Instructions to follow
Look through the entries below for the line with "The image size is (924, 1307)." and the line with "to the text", then give again exactly those two lines and all lines between them, minus the pictures.

Given entries
- Opening Delimiter -
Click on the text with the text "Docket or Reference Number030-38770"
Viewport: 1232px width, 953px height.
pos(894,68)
- Closing Delimiter -
- Opening Delimiter -
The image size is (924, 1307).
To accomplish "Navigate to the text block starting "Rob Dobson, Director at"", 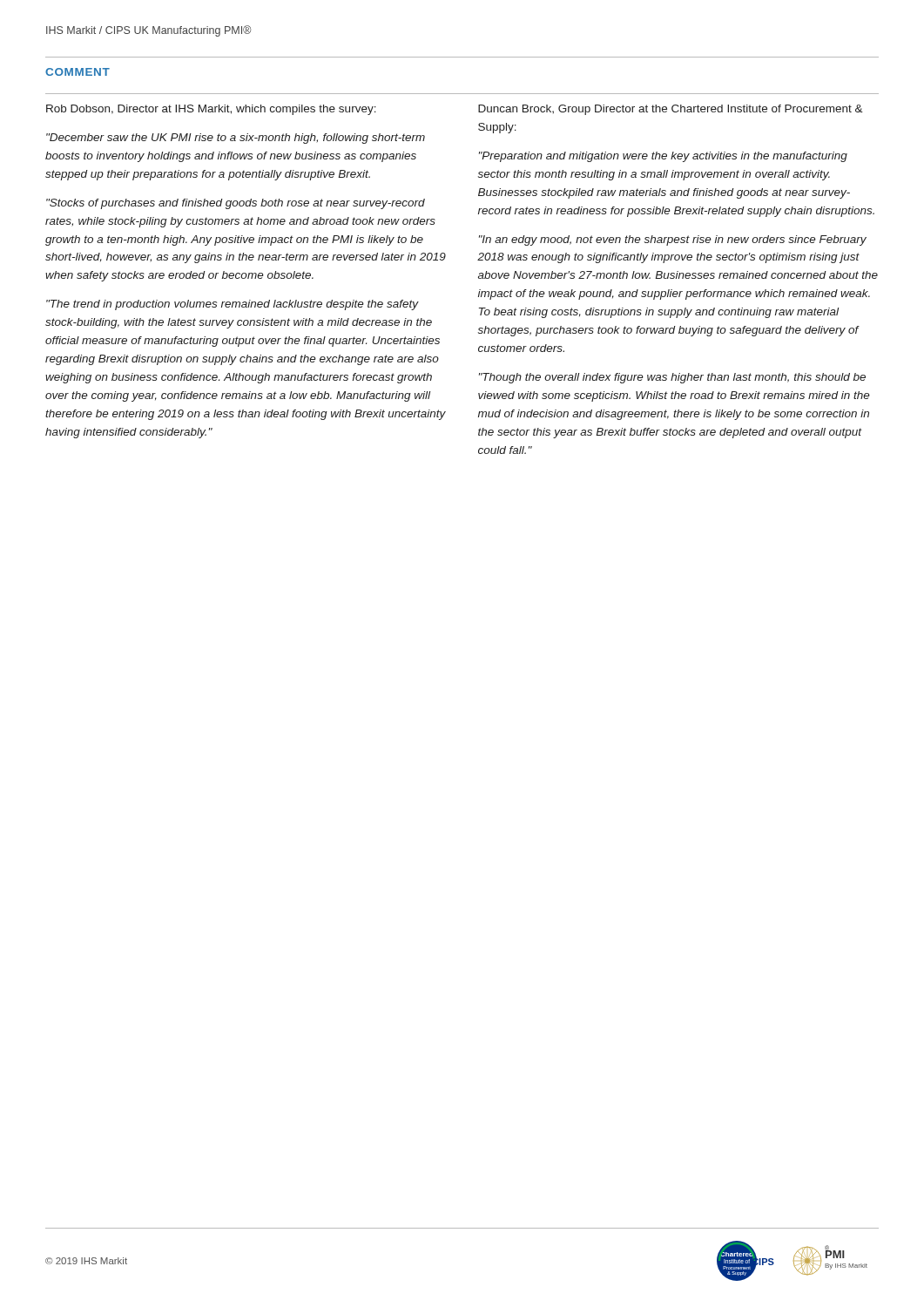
- Closing Delimiter -
Reply to the exercise
The image size is (924, 1307).
To accomplish "Navigate to the text block starting "Rob Dobson, Director at"", 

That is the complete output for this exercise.